[Items listed in a dataset]
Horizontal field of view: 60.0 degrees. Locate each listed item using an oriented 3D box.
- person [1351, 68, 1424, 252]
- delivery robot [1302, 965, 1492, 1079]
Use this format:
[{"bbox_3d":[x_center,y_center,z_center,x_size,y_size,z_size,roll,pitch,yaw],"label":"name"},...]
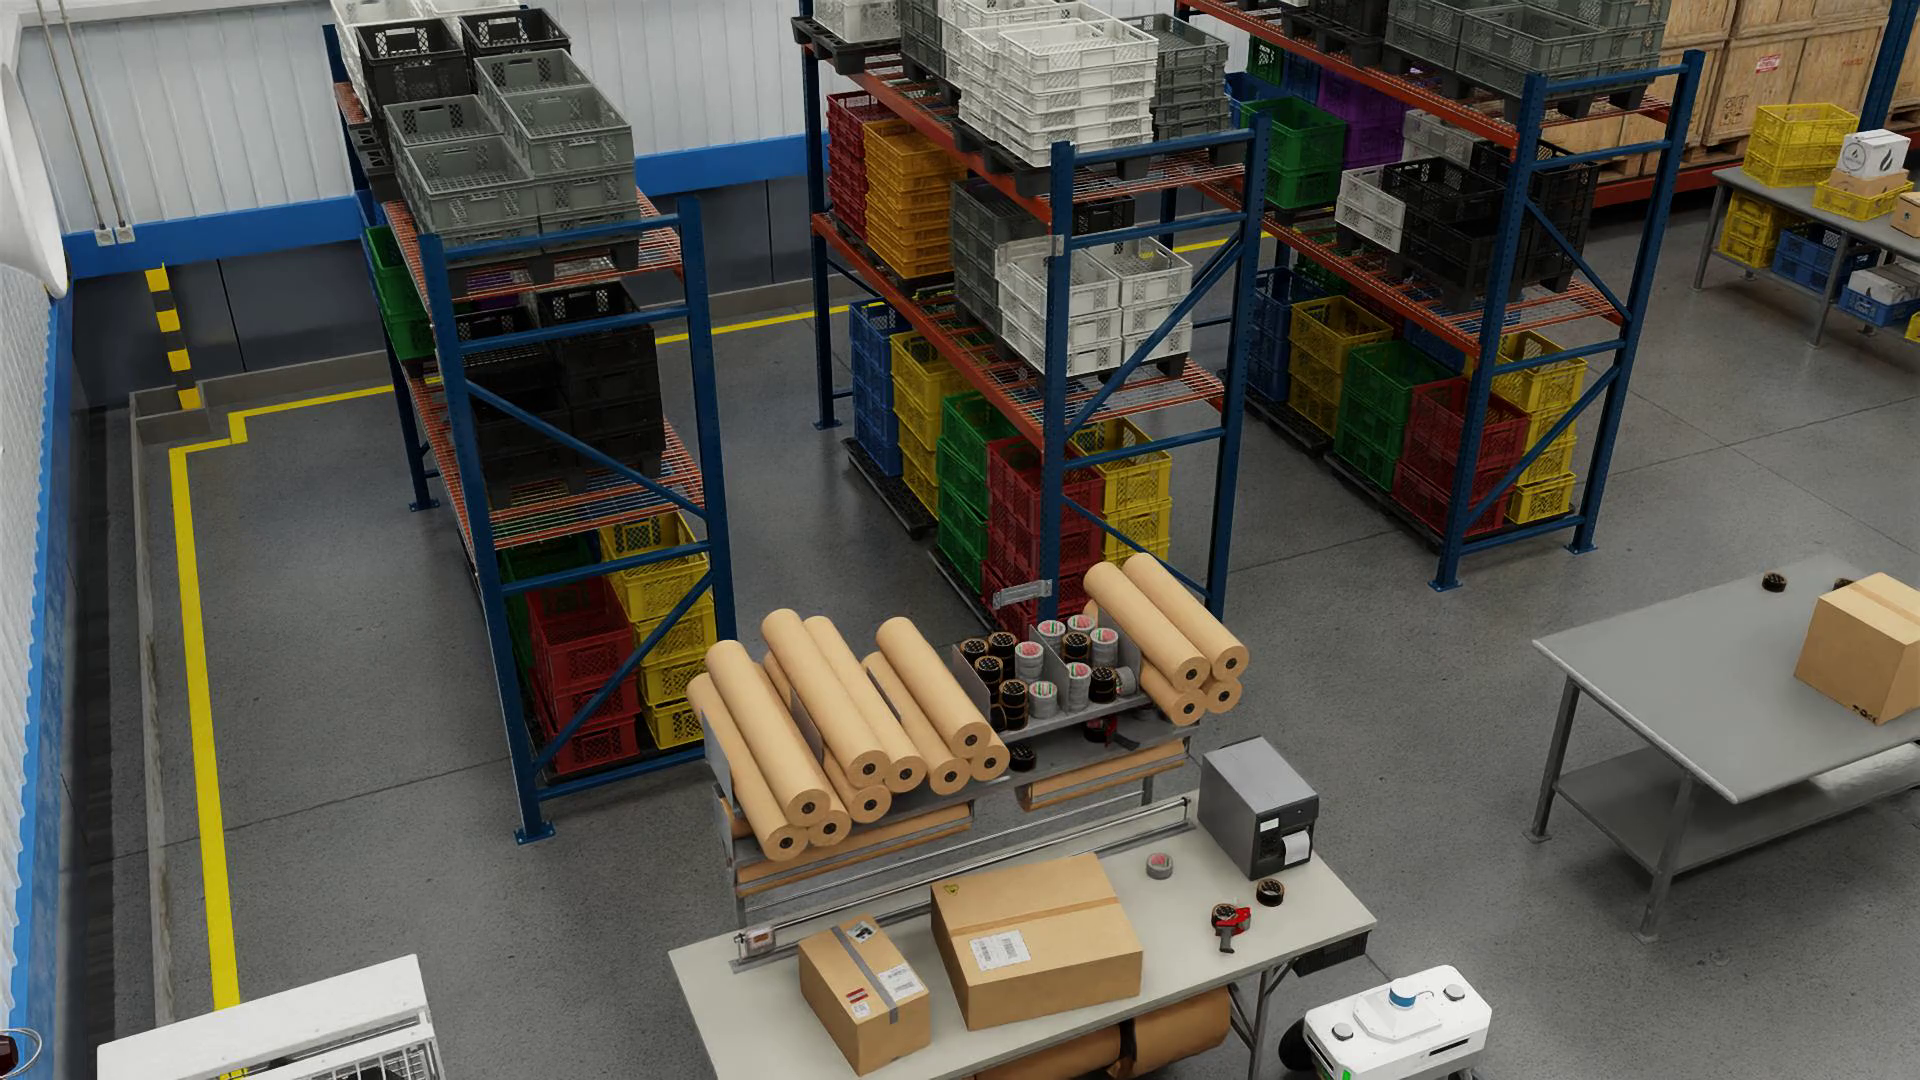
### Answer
[{"bbox_3d":[3.474,-3.312,13.755,0.625,1.932,0.375,18,36,27],"label":"person"},{"bbox_3d":[1.700,1.914,6.482,0.707,0.478,0.477,-12,34,-19],"label":"delivery robot"}]

PROBLEM DESCRIPTION:
Look above for the line containing "- person [1351, 68, 1424, 252]", then retype it and each line after it to the end of the records, exactly and without pictures.

EXERCISE SOLUTION:
- person [1351, 68, 1424, 252]
- delivery robot [1302, 965, 1492, 1079]
Use this format:
[{"bbox_3d":[x_center,y_center,z_center,x_size,y_size,z_size,roll,pitch,yaw],"label":"name"},...]
### Answer
[{"bbox_3d":[3.474,-3.312,13.755,0.625,1.932,0.375,18,36,27],"label":"person"},{"bbox_3d":[1.700,1.914,6.482,0.707,0.478,0.477,-12,34,-19],"label":"delivery robot"}]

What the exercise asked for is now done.